To the extent permitted by law, title to the goods shall remain with F. Uhrenholt until payment has been completed.

[44]          Uhrenholt had one other company in Latvia which fishes shrimp where they have a similar sales agreement and a line of credit in operation as existed between Uhrenholt and the two Appellants here. Uhrenholt sells their shrimp to various customers but only one customer buys from one boat.

[45]          The Latvia company is in a negative balance on their line of credit.

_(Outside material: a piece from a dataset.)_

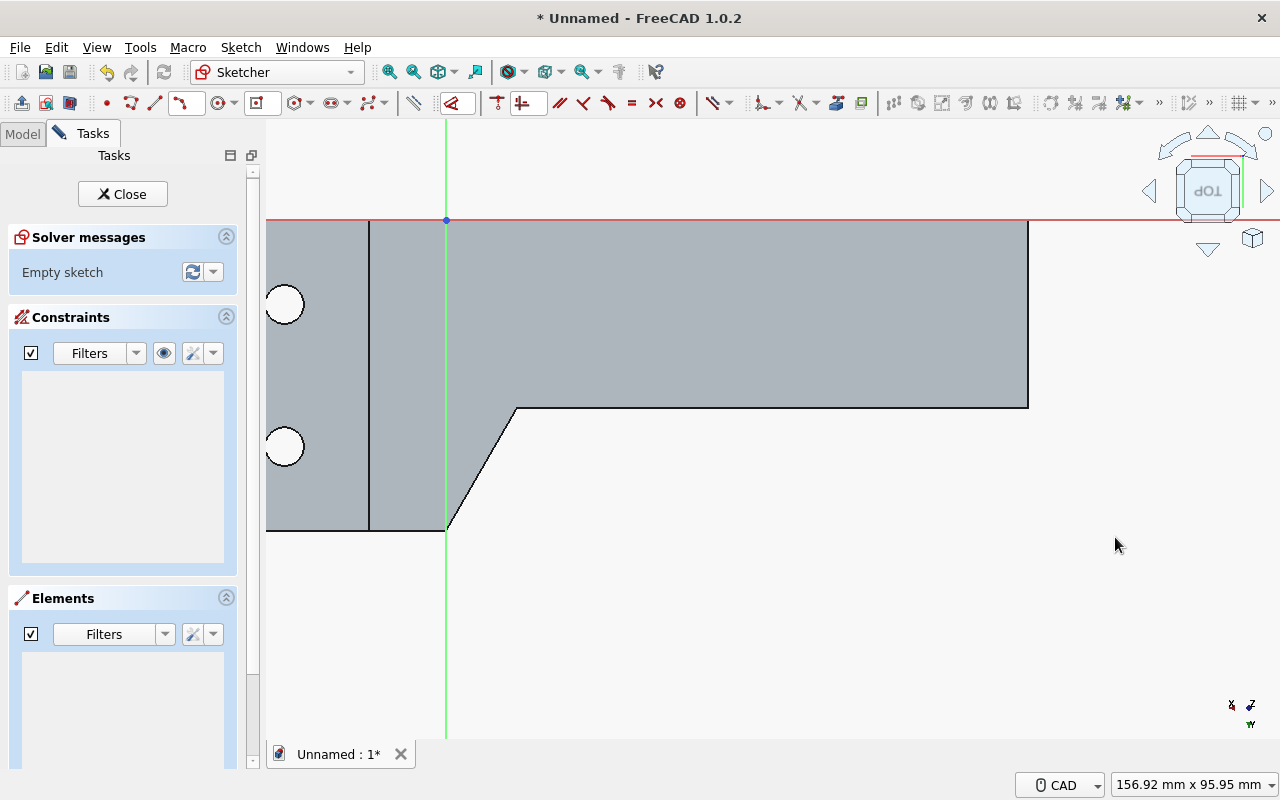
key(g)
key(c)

The Appellants know that Uhrenholt is selling products of many trawlers including those purchased from the Latvian company.

[46]          He was referred again to Exhibit A-1 at Tab 4, the Operating Facility Agreement with Kinguk, and more particularly at page 4 with respect to the purpose of the agreement and he said that he agreed with it.

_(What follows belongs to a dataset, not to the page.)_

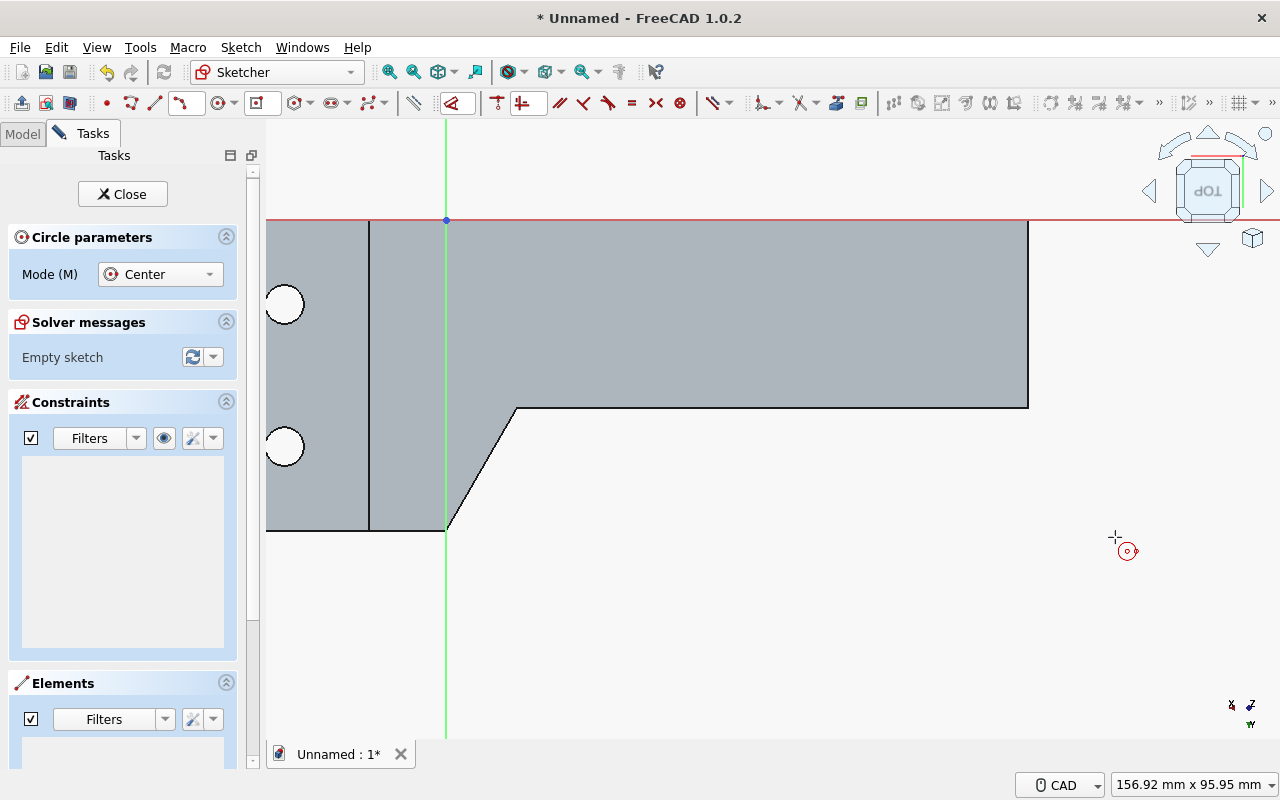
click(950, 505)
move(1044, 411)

[47]          Again he was referred to page 7 of the same agreement at paragraph 6.1(a) which provided inter alia, that:

... in the event that the Borrower is required to withhold or pay such tax, it shall nonetheless pay to the Lender such additional amounts so that the Lender actually receives in full all amounts on account of principal and interest owing to it hereunder, as if such tax had not been paid.

He said that he did not understand it, this was not made by him but by the company's attorneys. Then he said that it was the responsibility of the borrower. His company does not pay taxes in Canada.

[48]          In re-direct the witness referred to Exhibit A-1 at Tab 7 page 5 which was an invoice from Uhrenholt and identified the number 0007 as being an indication as to where the shrimp came from. The same type of number was used with respect to Aqviq. Sometimes the cost of storage in Denmark would be charged to the Appellants.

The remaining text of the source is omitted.